» EXERCISE MATERIALS
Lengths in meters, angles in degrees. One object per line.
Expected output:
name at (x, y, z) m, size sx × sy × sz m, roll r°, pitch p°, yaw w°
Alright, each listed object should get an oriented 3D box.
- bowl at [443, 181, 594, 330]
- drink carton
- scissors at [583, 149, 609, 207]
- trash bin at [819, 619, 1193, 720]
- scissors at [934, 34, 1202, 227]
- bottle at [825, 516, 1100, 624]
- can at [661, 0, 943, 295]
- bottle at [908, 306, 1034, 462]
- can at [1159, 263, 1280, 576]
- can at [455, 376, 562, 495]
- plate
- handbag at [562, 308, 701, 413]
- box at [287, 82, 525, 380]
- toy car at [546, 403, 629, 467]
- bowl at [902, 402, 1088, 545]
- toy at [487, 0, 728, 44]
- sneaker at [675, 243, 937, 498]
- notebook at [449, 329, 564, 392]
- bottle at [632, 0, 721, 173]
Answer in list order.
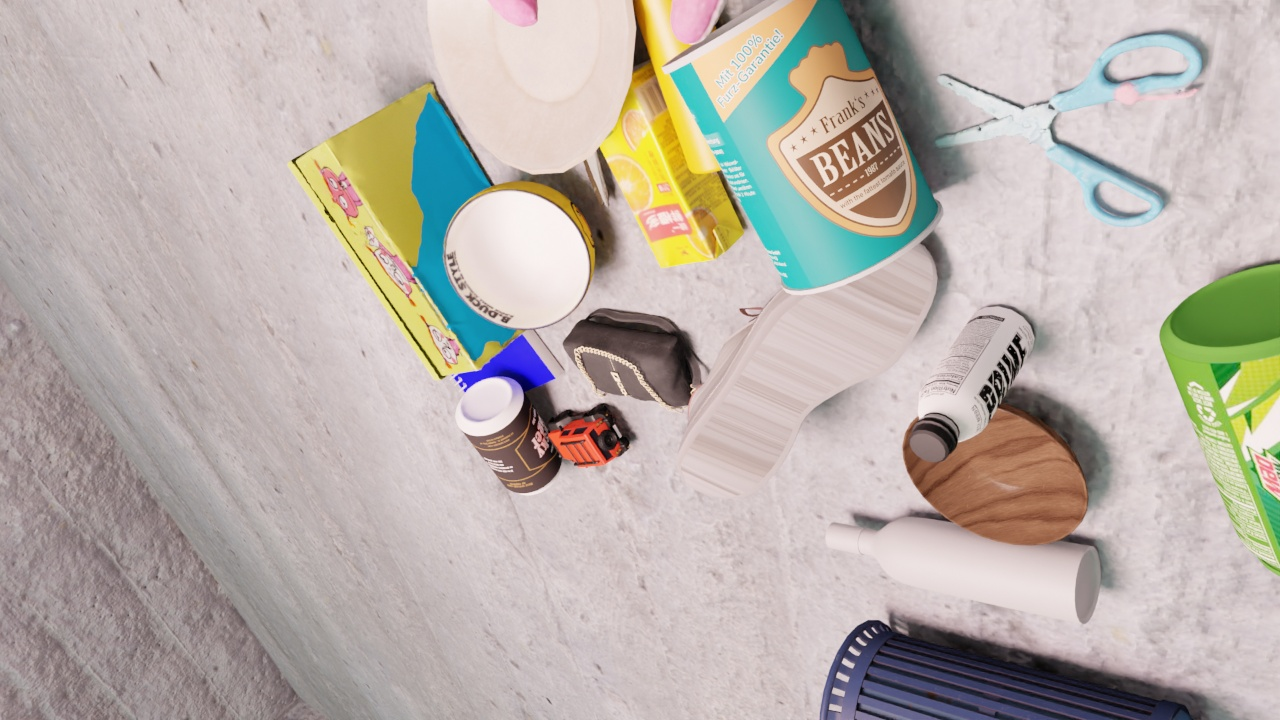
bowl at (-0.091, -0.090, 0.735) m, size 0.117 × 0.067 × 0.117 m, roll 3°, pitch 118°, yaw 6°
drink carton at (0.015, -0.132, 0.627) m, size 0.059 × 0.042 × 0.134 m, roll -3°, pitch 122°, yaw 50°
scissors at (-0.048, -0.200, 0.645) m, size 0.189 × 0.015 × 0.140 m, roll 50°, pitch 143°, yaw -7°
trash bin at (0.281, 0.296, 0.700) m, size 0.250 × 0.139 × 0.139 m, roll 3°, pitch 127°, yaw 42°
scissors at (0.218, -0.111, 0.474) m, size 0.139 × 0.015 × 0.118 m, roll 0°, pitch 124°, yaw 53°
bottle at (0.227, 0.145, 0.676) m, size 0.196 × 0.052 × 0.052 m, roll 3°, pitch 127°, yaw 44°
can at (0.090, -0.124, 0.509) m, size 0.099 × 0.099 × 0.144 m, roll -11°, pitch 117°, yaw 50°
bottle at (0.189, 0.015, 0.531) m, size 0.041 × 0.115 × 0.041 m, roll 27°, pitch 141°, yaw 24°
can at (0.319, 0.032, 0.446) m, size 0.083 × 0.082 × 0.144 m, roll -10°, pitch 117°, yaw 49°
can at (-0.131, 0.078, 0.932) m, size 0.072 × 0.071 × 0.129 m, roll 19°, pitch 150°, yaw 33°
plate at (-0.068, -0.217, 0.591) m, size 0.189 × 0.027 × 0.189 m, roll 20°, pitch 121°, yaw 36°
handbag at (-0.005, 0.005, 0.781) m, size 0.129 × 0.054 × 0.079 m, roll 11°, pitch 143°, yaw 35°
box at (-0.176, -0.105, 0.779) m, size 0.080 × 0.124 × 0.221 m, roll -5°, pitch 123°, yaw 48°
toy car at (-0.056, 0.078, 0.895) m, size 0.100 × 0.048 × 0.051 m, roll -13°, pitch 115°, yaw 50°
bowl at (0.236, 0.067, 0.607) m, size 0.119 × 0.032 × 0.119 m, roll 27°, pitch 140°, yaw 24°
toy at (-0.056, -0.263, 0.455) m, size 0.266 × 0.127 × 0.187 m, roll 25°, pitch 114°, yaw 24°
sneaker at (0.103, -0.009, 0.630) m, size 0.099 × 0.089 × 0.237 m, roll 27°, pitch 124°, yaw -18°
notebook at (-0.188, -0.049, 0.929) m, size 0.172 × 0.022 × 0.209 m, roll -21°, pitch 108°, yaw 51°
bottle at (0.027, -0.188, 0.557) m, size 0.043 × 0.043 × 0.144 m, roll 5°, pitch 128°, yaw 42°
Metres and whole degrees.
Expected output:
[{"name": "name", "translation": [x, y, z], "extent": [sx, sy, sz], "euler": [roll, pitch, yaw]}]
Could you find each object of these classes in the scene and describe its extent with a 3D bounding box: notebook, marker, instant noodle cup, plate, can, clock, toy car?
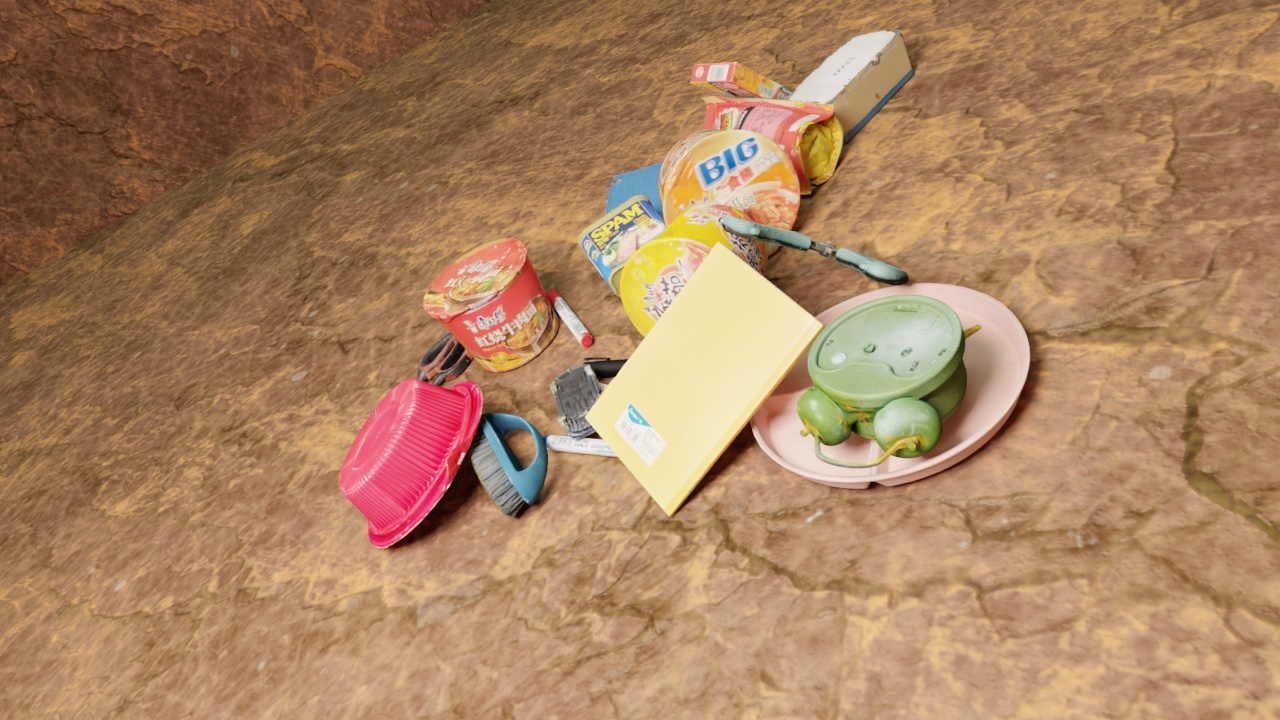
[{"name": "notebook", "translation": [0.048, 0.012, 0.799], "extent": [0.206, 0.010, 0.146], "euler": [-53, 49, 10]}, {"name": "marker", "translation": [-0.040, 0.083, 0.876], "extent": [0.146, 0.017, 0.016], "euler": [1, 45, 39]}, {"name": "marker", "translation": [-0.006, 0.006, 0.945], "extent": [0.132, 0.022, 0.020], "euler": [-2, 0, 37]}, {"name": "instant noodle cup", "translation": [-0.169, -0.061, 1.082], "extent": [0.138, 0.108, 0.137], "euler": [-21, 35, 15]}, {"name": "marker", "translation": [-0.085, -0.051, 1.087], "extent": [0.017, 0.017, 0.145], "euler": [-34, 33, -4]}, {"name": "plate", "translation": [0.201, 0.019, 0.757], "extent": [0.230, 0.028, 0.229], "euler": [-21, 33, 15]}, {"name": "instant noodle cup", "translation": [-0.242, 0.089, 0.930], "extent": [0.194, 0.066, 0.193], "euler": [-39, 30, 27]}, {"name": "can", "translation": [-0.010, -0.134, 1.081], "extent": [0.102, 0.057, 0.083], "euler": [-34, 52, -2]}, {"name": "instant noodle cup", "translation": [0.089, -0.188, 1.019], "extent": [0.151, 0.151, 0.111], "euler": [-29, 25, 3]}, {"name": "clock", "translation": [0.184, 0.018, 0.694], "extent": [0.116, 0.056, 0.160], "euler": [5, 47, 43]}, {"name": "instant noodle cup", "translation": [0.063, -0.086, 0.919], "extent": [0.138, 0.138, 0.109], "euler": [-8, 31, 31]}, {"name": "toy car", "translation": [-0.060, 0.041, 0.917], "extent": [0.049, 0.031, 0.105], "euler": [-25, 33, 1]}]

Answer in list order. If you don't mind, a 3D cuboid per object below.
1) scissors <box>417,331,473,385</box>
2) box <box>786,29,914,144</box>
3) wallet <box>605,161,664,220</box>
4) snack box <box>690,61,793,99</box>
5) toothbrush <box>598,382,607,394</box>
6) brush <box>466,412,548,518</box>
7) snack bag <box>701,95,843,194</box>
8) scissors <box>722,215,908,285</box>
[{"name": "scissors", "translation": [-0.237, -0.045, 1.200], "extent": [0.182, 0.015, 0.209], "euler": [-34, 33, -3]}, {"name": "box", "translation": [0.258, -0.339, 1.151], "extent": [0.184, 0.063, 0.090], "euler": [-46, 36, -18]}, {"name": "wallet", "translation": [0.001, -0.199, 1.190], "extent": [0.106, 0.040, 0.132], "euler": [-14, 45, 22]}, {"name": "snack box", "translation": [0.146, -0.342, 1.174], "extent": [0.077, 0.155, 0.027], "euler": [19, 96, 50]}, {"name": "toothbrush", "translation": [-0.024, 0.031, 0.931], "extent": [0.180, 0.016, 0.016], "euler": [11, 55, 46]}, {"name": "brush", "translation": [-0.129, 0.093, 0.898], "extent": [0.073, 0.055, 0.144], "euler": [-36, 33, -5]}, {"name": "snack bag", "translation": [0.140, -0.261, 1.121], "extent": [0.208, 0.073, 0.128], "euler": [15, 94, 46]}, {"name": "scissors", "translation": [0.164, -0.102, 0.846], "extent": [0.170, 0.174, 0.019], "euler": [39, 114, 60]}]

* * *

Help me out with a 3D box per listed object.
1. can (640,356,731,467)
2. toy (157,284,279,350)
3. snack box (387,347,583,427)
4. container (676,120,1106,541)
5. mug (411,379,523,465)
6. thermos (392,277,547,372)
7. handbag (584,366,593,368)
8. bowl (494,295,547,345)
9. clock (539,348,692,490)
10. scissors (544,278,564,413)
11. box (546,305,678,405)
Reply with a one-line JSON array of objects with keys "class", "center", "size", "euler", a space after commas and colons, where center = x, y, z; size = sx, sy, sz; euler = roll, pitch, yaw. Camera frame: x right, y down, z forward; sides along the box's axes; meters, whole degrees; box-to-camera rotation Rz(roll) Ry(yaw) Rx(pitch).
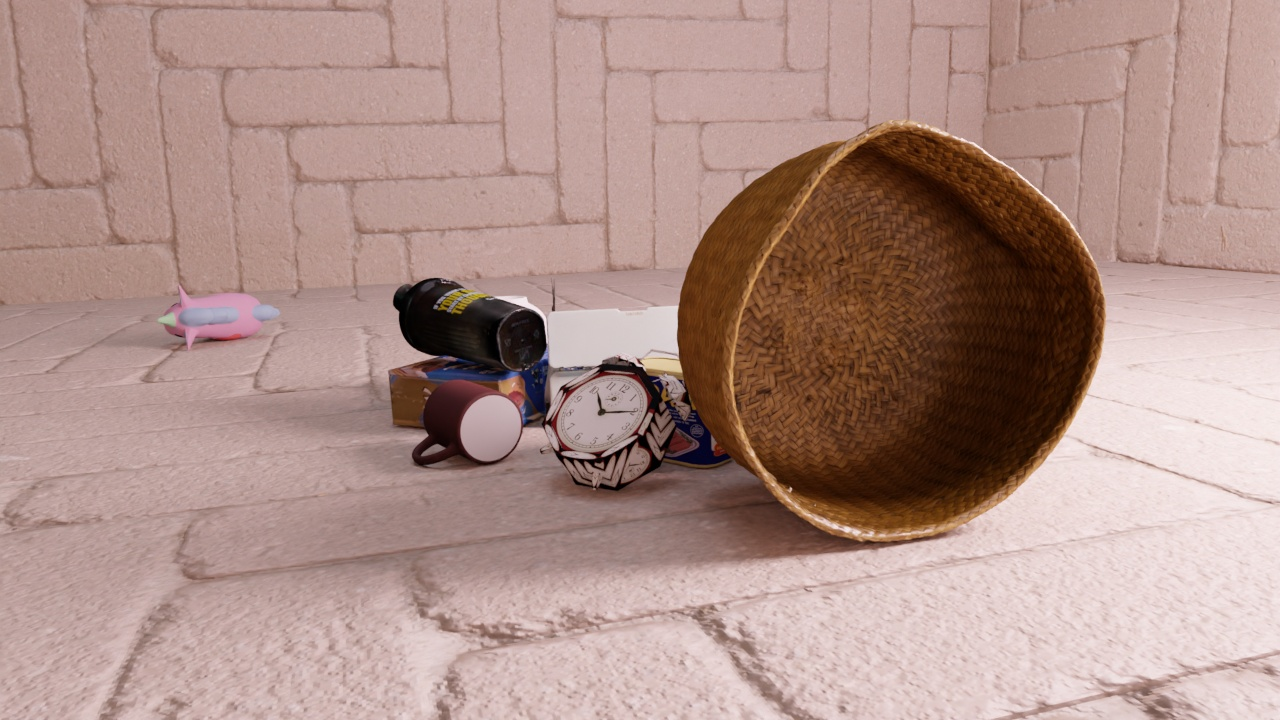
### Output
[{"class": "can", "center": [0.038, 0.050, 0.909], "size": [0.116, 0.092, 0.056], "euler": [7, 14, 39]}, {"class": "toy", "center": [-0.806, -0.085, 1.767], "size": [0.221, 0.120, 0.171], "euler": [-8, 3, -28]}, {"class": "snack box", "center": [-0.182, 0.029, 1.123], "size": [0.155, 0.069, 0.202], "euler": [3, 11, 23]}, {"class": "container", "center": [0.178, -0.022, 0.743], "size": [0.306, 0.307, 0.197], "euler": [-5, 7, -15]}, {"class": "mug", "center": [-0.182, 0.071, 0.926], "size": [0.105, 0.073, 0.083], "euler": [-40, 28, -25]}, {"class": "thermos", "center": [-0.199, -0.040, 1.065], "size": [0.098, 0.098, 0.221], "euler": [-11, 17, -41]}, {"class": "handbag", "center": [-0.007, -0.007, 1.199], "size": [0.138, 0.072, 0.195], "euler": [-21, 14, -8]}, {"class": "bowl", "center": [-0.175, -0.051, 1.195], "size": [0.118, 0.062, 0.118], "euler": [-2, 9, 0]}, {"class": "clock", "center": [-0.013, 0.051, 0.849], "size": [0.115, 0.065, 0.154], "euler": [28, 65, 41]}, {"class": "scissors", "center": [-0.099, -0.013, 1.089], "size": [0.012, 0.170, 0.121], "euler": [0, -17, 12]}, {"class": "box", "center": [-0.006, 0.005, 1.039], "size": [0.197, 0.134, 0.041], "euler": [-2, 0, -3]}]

» ACTION ITEM
Above are the entries. Quote exactly the lines from the one bearing "Alright, each listed" through the one bearing "- bottle at [825, 516, 1100, 624]".

» TASK OUTPUT
Alright, each listed object should get an oriented 3D box.
- bowl at [443, 181, 594, 330]
- drink carton
- scissors at [583, 149, 609, 207]
- trash bin at [819, 619, 1193, 720]
- scissors at [934, 34, 1202, 227]
- bottle at [825, 516, 1100, 624]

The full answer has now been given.